**How to complete this task:**
Whenever a line contains the string "Numbers", copy it out of the entries.

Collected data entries

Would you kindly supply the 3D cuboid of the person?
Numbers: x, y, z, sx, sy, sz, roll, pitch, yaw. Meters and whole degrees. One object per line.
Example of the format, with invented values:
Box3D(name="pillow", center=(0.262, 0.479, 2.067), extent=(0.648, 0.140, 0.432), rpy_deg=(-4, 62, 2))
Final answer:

--

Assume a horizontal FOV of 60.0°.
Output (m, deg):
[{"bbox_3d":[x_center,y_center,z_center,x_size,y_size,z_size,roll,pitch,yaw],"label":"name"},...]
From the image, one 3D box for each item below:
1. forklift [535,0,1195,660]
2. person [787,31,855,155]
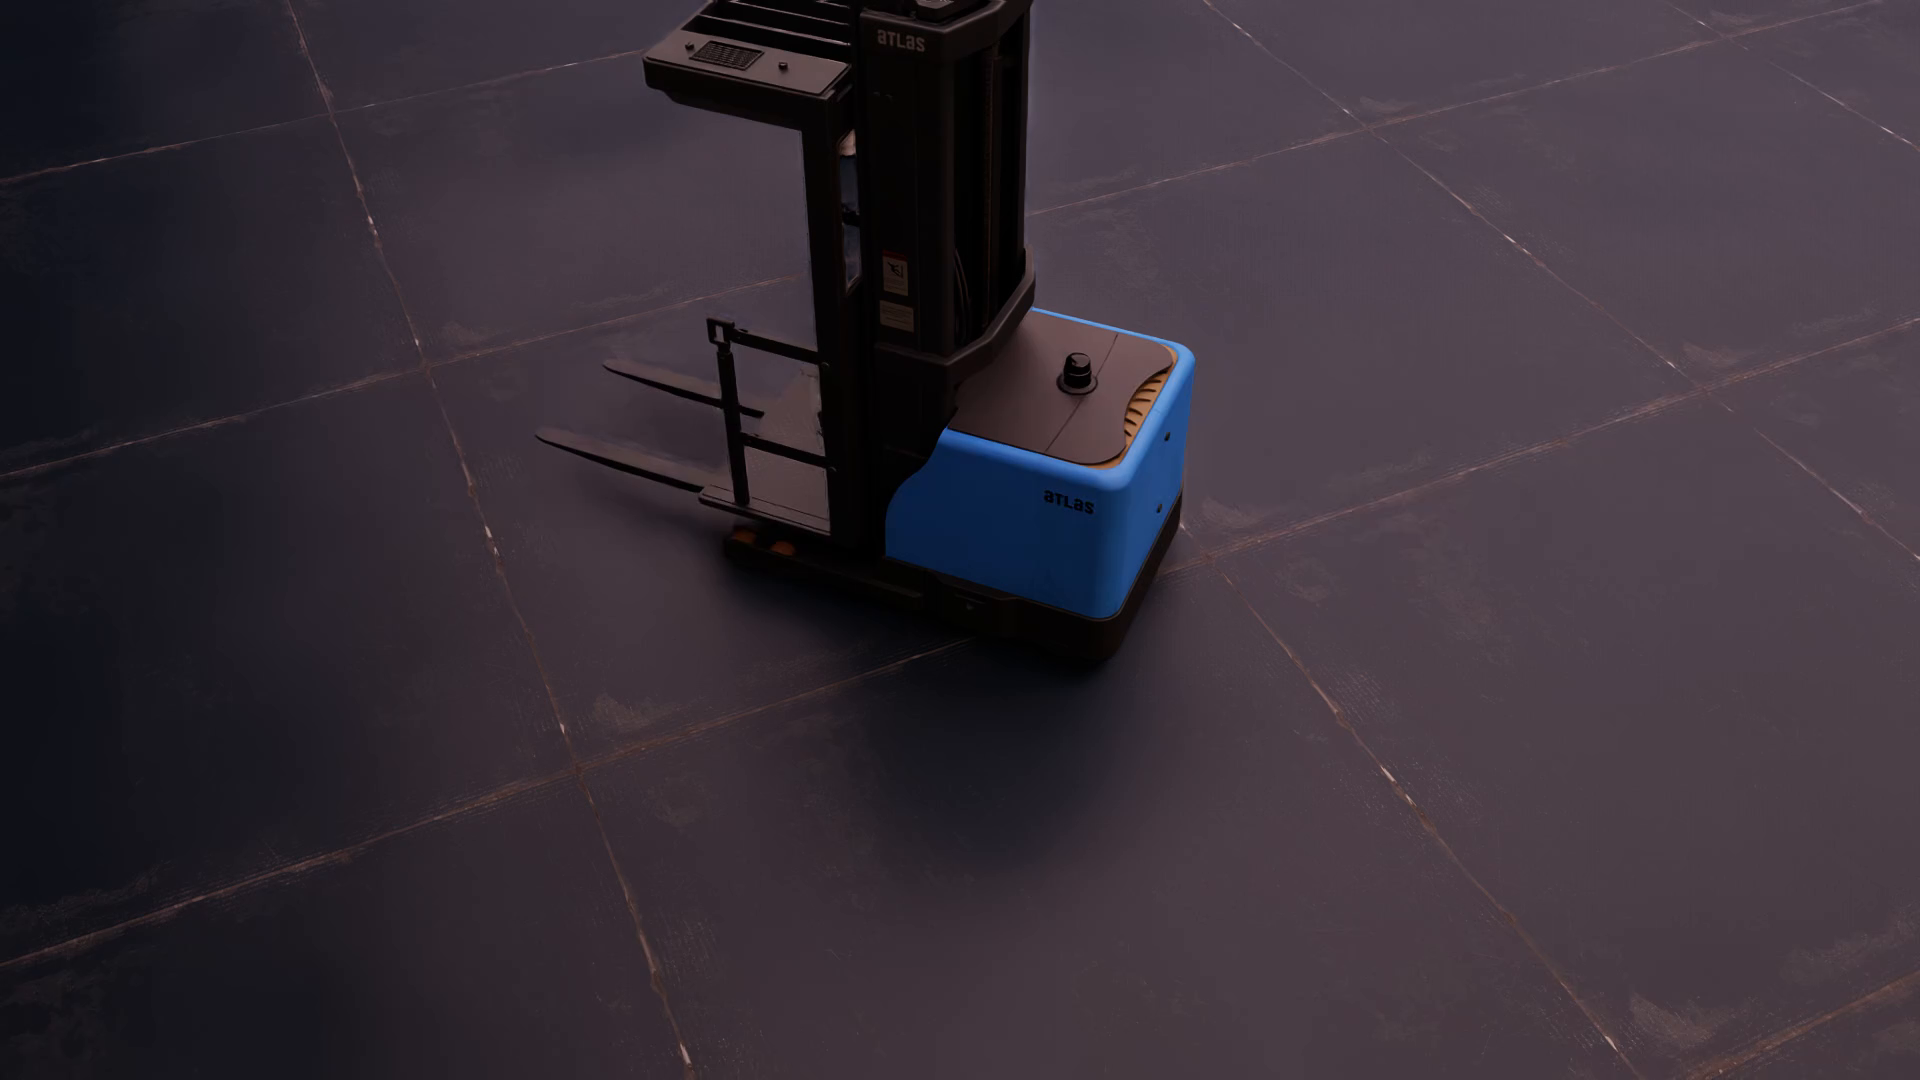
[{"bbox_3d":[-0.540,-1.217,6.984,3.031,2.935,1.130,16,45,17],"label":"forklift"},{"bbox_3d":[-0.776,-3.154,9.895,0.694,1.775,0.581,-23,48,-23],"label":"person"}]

...

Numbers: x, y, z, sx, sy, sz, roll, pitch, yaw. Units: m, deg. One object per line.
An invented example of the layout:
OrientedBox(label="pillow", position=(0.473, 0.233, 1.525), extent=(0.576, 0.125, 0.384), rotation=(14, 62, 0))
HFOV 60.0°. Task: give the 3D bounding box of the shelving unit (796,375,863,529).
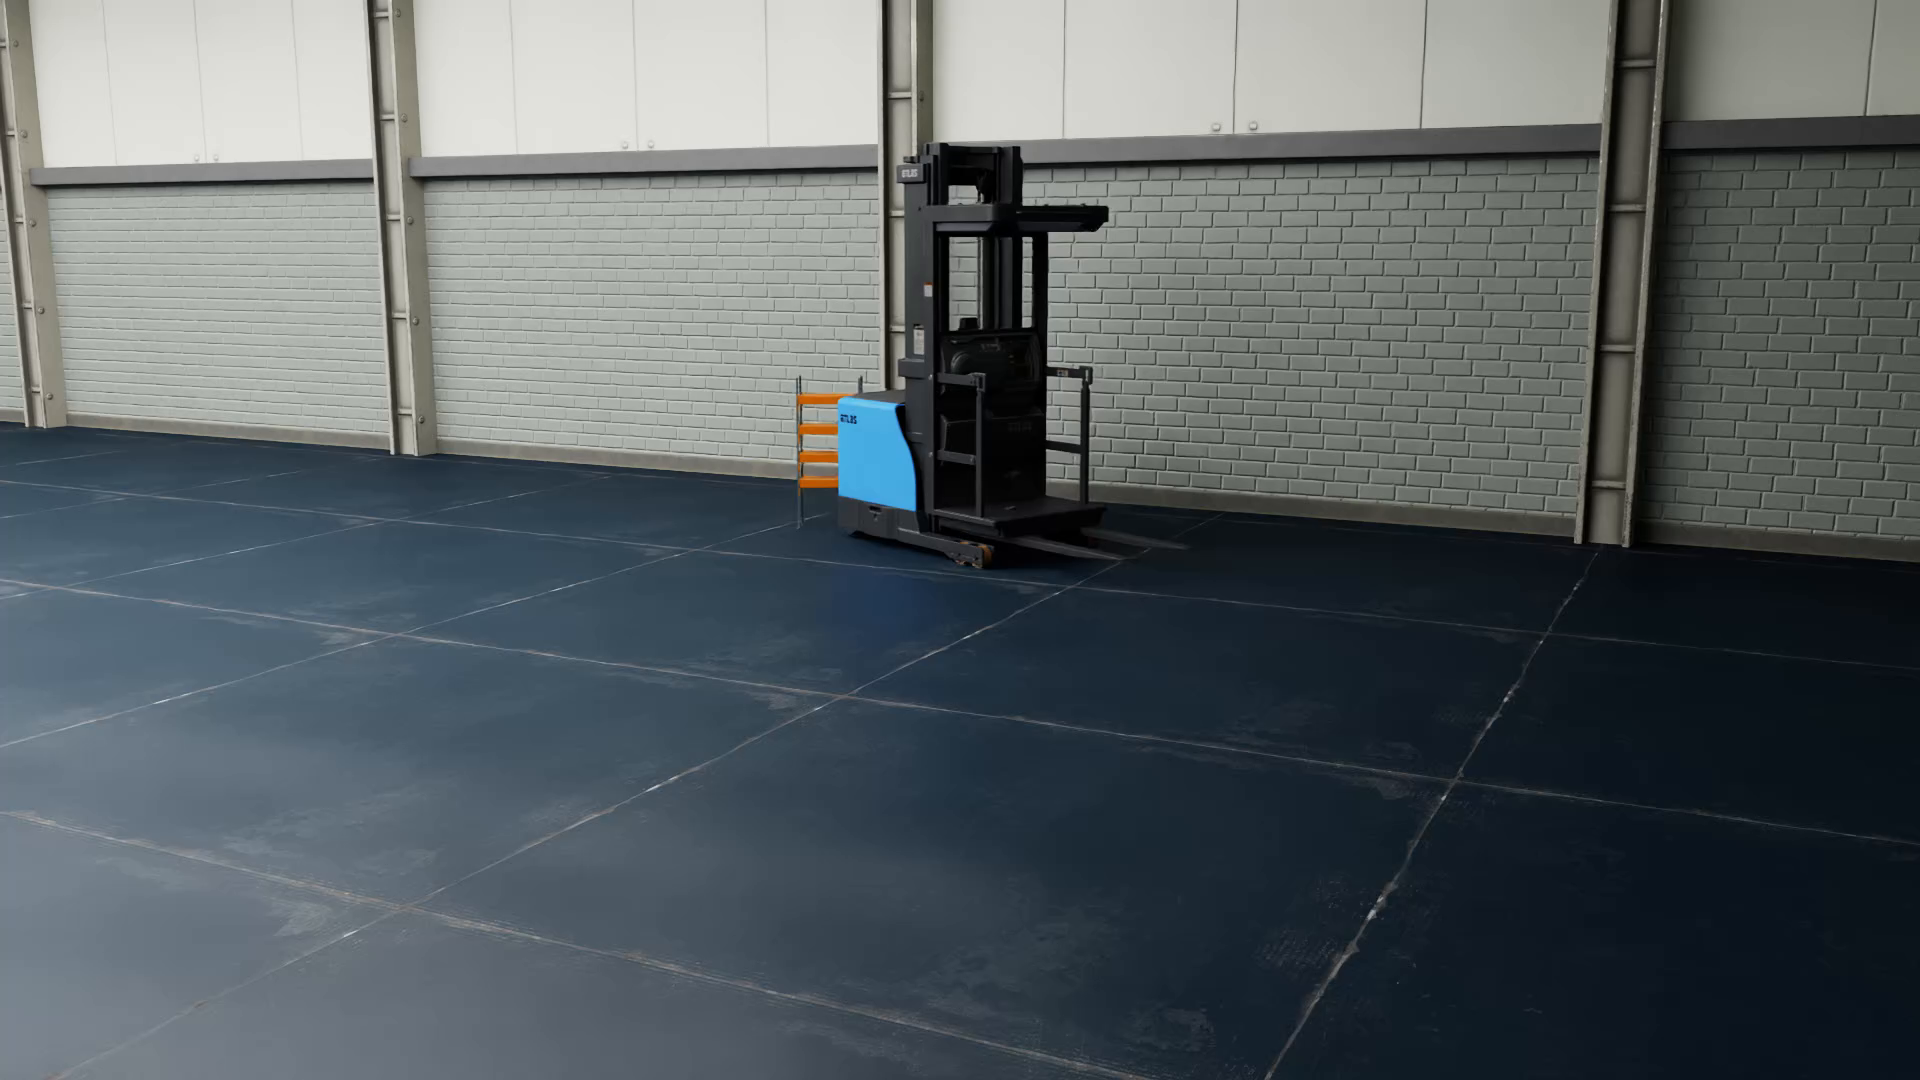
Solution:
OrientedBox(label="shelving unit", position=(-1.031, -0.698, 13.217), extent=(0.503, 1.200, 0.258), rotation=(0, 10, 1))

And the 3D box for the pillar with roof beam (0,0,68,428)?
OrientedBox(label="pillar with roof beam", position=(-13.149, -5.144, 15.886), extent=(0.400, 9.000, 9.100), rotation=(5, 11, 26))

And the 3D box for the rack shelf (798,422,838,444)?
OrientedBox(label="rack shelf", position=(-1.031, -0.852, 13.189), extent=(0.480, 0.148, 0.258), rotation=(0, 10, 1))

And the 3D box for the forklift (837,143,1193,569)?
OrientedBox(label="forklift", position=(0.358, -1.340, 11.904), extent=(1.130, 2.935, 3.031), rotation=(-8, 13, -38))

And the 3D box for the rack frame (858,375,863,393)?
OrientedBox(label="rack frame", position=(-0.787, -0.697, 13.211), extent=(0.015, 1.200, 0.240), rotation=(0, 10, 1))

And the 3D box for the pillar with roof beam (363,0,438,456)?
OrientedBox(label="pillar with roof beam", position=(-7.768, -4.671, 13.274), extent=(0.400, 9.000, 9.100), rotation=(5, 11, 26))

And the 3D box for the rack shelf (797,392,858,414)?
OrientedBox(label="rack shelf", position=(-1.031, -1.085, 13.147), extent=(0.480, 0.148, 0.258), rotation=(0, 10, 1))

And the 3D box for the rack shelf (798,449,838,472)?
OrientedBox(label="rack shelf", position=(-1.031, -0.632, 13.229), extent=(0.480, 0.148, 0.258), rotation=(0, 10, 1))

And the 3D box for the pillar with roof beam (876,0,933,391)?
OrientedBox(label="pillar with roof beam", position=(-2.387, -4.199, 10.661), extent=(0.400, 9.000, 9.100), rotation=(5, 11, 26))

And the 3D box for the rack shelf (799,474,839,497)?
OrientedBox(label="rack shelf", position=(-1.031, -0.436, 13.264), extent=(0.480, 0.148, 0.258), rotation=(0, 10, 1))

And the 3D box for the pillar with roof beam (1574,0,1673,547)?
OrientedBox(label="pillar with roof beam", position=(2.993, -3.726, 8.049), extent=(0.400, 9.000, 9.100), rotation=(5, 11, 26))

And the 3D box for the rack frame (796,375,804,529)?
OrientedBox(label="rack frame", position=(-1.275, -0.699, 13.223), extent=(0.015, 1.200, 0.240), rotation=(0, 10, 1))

**Task response:**
Numbers: x, y, z, sx, sy, sz, roll, pitch, yaw. Meters and whole degrees. One object per line.
Numbers: x, y, z, sx, sy, sz, roll, pitch, yaw. Units: m, deg. One object per line.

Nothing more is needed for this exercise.